▶ **About this exercise**
The whole listing is to be restated word for word with no images.

▶ **Given data**
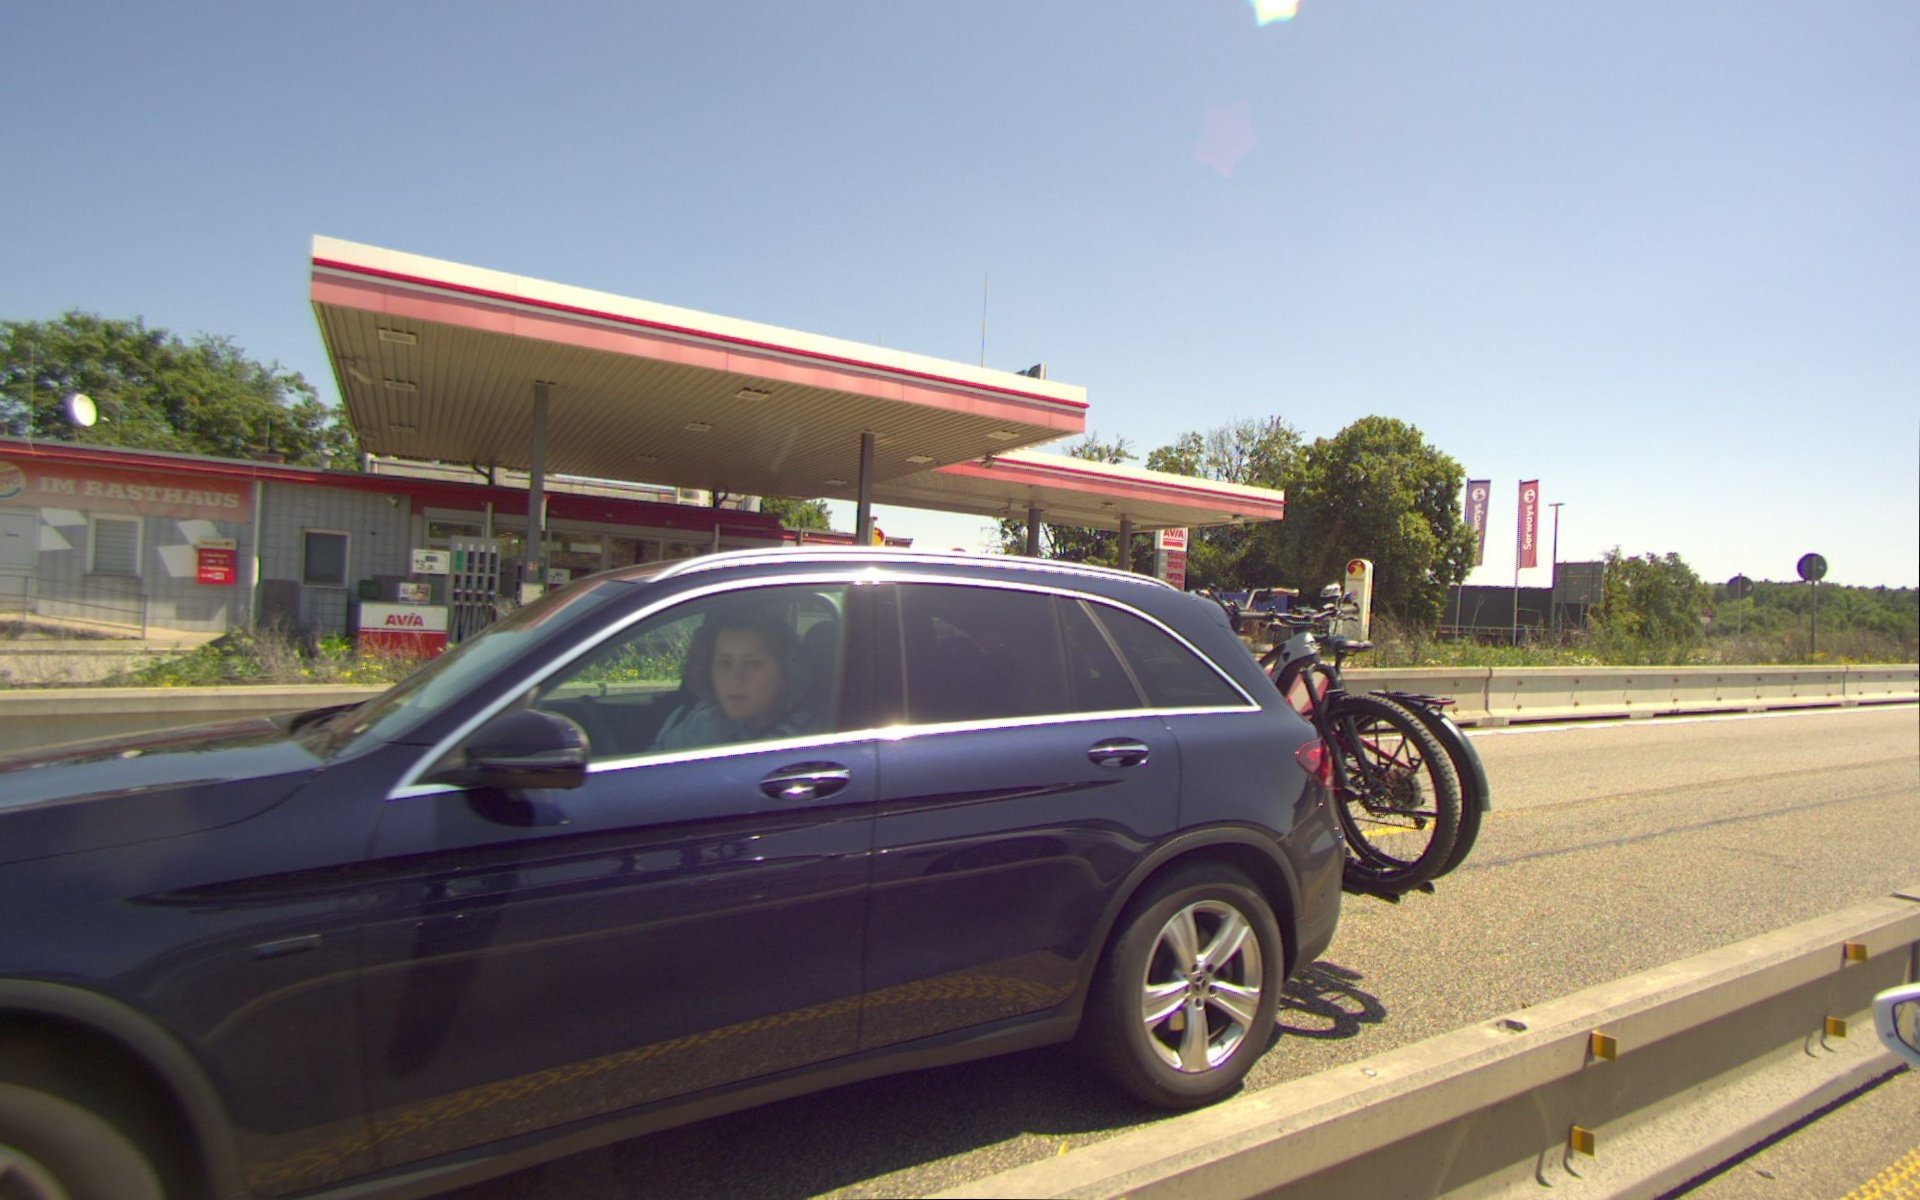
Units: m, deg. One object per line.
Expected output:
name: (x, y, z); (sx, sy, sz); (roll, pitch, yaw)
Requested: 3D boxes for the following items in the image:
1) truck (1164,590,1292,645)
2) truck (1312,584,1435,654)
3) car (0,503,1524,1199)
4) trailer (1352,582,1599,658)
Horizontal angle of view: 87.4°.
truck: (16.321, 1.061, 61.423); (6.991, 3.104, 2.824); (2, -1, -8)
truck: (25.469, 1.150, 62.081); (6.224, 4.038, 3.159); (2, -1, -3)
car: (-0.427, 0.683, 3.252); (4.680, 1.625, 1.846); (1, 0, -31)
trailer: (31.879, 1.263, 62.453); (13.890, 4.166, 3.159); (2, -1, -3)

▶ **Solution for this task**
Units: m, deg. One object per line.
Expected output:
name: (x, y, z); (sx, sy, sz); (roll, pitch, yaw)
Requested: 3D boxes for the following items in the image:
1) truck (1164,590,1292,645)
2) truck (1312,584,1435,654)
3) car (0,503,1524,1199)
4) trailer (1352,582,1599,658)
Horizontal angle of view: 87.4°.
truck: (16.321, 1.061, 61.423); (6.991, 3.104, 2.824); (2, -1, -8)
truck: (25.469, 1.150, 62.081); (6.224, 4.038, 3.159); (2, -1, -3)
car: (-0.427, 0.683, 3.252); (4.680, 1.625, 1.846); (1, 0, -31)
trailer: (31.879, 1.263, 62.453); (13.890, 4.166, 3.159); (2, -1, -3)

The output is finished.